ZitatVielleicht kriege ich das mit der inneren Abgrenzung
nicht hin, weil innere Abgrenzung doch gleichbedeutend ist mit Trennung? Vielleicht ist aber die innere Abgrenzung auch ein Prozess, dessen Ende eine Trennung sein könnte?
Ich weiß nicht.
"Wissen" tue ich das auch nicht ![]()
Aber ich denke schon, das es oft so ist, wie Du schreibst.
Ich sage es mal so:
Viele CO`s versuchen erstmal, über Abgrenzung dem alkoholkranken Partner deutlich zu machen, das die Sauferei nicht okay ist.
Es soll wie eine Art "Strafe" für "Fehlverhalten" sein
Nun ist aber die Alkoholkrankheit kein Fehlverhalten, sondern eben eine KRANKHEIT.
Von daher bringen solche "Erziehungsmaßnahmen" nur selten was.
Klar, sie können auch in Einzelfällen den alkoholkranken Partner wachrütteln, aber
in den meisten Fällen wird erstmal weiter gesoffen.
So nach dem Motto "ach lass die Alte/den Alten ma labern... die/der beruhigt sich auch wieder"
Sollte das nicht eintreten und der Partner/oder der CO "nervt" weiterhin rum (oder grenze sich eben ab), backt man erstmal ne Weile kleine Brötchen.
Was aber nicht heißt, man säuft nicht mehr
man versucht dann, das heimlich zu tun, bis sich die Wogen wieder geglättet haben.
Oder aber man bricht n Streit vom Zaun, um wieder einen "Grund" zum Saufen zu haben.
Sogar die Abgrenzung selbst beispielswiese könnte dann als Grund herangezogen werden, wieder saufen zu müssen.
Bekloppt, gelle?
Ja, oder der Partner/oder CO beginnt wirklich, sich abzugrenzen, weil er sich wieder ein eigenes Leben aufbauen will.
Der Schritt zur völligen Trennung ist evtl. erstmal noch zu groß ?
Aber die endgültige Trennung ist dann wohl doch das Hauptziel.
Alles beginnt erstmal mit dem ersten Schritt.
Und das wäre eben die Abgrenzung.
Um so auch erstmal wieder zu sich selbst zu finden.
Denn mit Abstand vom anderen gelingt das mit Sicherheit sehr viel besser.
Und während dieser Abgrenzung merken viele auch, das sie im Grunde ja schon sehr lange allein waren.
Weil der Partner längst in einer anderen Welt lebte, eben in seinem kleinen Suchtkarussell.
Und dazu hat der Partner normalerweise keinen Zugang, es sei denn, er säuft selbst.

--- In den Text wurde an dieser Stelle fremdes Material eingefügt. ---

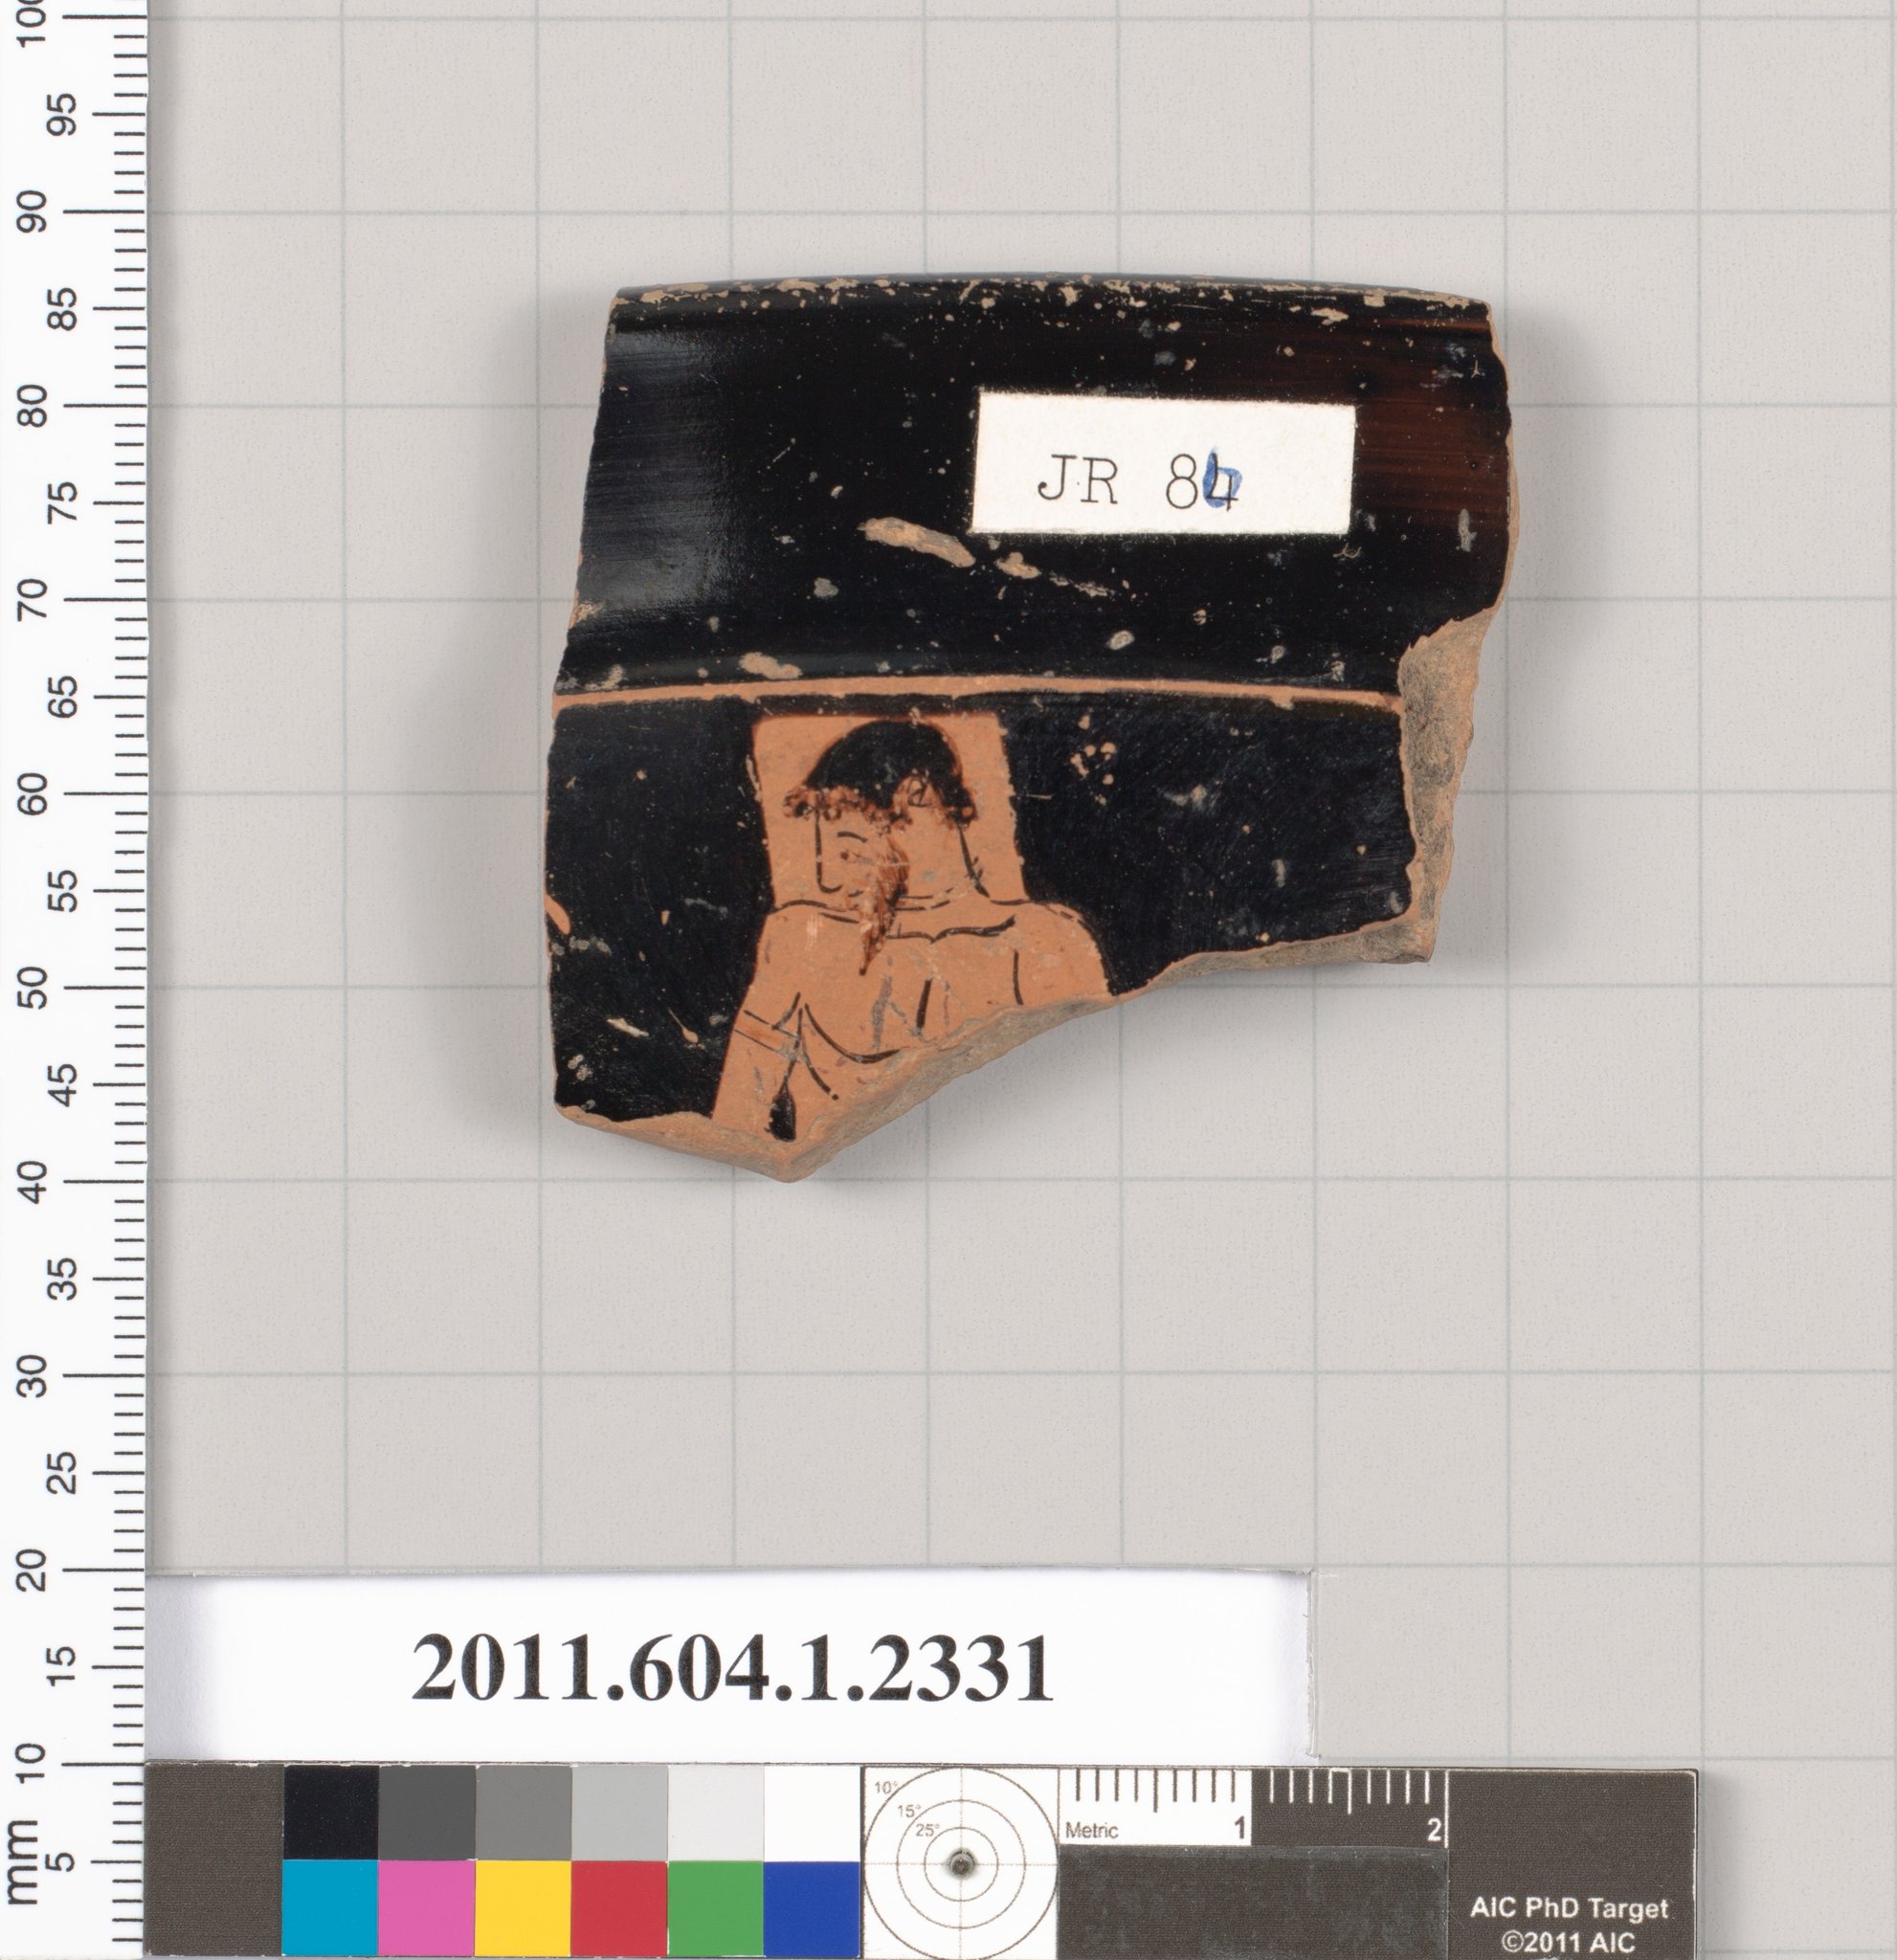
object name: kylix fragment
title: Terracotta rim fragment of a kylix (drinking cup)
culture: greek, attic
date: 460-450 BCE
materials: terracotta

Aber auch dann leben beide doch irgendwie in verschiedenen Saufwelten, glaube ich. Hm. Gruselig.
Zitat
Die vielen Erfahrungsberichte im Co-Bereich gehen nicht spurlos an mir vorbei: Da sind so viele Menschen, die in ihrer verfahrenen Situation auch einfach aufstehen und gehen könnten,
es aber dann doch nicht tun.
Vielleicht würde ich mich ganz genauso verhalten und - wie Du sagst - den Hintern nicht mehr hochbekommen und lieber still leiden.
Ich weiß nicht. Auch darüber muss ich noch nachdenken.
Ja, denke mal darüber nach.
Warum jemand(oder DU) lieber still leiden würde, anstatt sein Leben wieder in die eigenen Hände zu nehmen und in eine zufriedenere und glücklichere Richtung zu steuern ?
Du hörst Dich allerdings schon recht gut sortiert an.
Und hängst evtl. auch noch nicht ganz so tief drin?